Exercise data: Begin
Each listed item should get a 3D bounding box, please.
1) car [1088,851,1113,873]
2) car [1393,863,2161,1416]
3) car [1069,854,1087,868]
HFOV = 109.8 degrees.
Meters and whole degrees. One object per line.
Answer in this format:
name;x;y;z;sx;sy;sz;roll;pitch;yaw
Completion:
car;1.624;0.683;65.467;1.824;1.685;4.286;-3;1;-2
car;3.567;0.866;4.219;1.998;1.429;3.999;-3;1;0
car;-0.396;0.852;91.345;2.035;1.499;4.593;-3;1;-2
Exercise data: End
Exercise data: Begin
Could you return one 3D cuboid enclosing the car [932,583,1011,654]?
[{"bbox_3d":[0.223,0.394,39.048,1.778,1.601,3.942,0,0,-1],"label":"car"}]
Exercise data: End
Exercise data: Begin
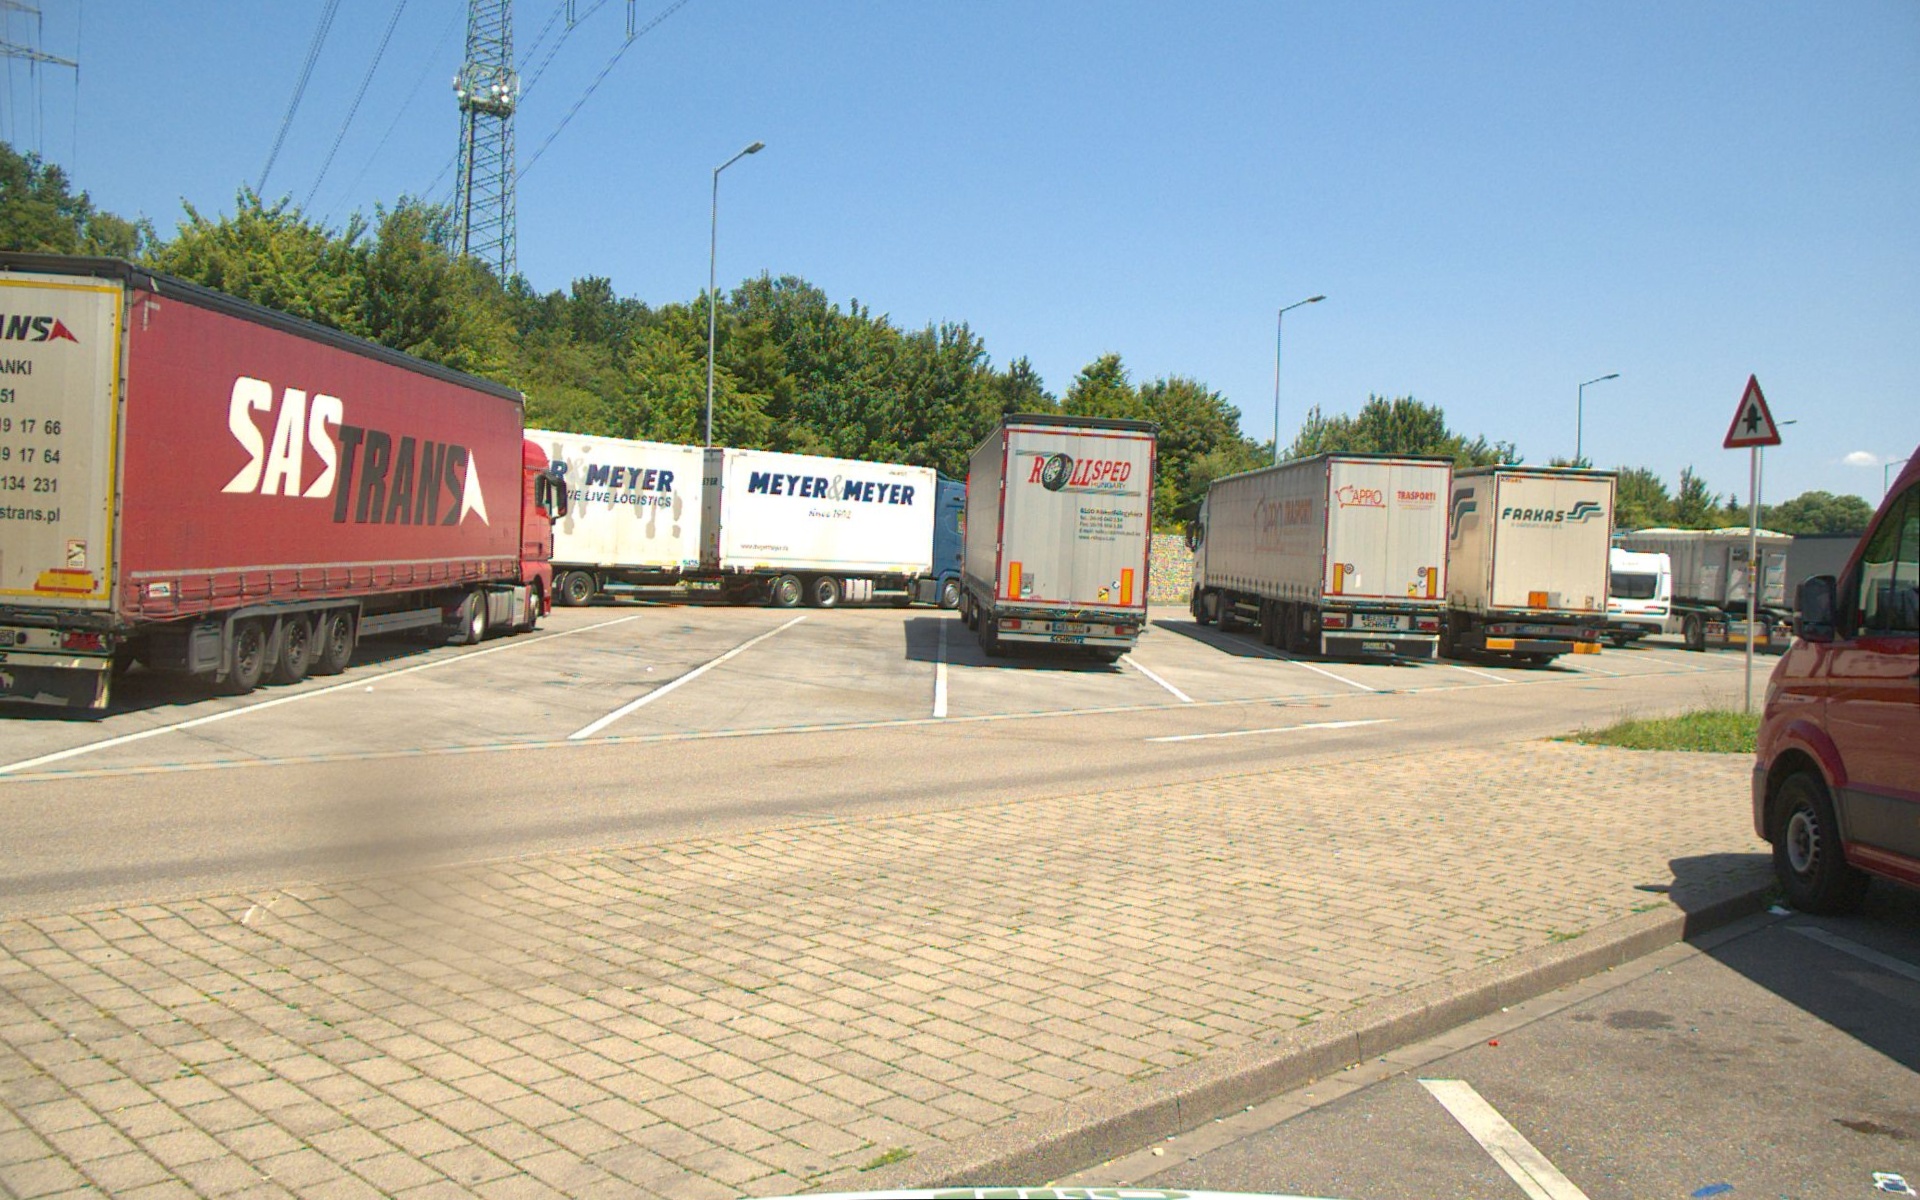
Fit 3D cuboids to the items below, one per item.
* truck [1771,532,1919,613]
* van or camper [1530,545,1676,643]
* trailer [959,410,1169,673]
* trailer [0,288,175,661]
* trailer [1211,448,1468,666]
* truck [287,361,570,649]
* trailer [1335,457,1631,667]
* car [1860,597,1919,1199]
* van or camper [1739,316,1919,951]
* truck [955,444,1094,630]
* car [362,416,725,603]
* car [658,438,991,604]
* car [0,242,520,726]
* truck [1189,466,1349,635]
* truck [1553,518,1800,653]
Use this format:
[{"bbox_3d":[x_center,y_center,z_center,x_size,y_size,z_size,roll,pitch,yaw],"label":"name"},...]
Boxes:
Exercise data: End
__Exercise details__:
For this task, write out exactly the lines of the entries above, starting at the line with "Each listed item" and ending at the line with "name;x;y;z;sx;sy;sz;roll;pitch;yaw", both included, and no others.

__Solution to this task__:
Each listed item should get a 3D bounding box, please.
1) car [1088,851,1113,873]
2) car [1393,863,2161,1416]
3) car [1069,854,1087,868]
HFOV = 109.8 degrees.
Meters and whole degrees. One object per line.
Answer in this format:
name;x;y;z;sx;sy;sz;roll;pitch;yaw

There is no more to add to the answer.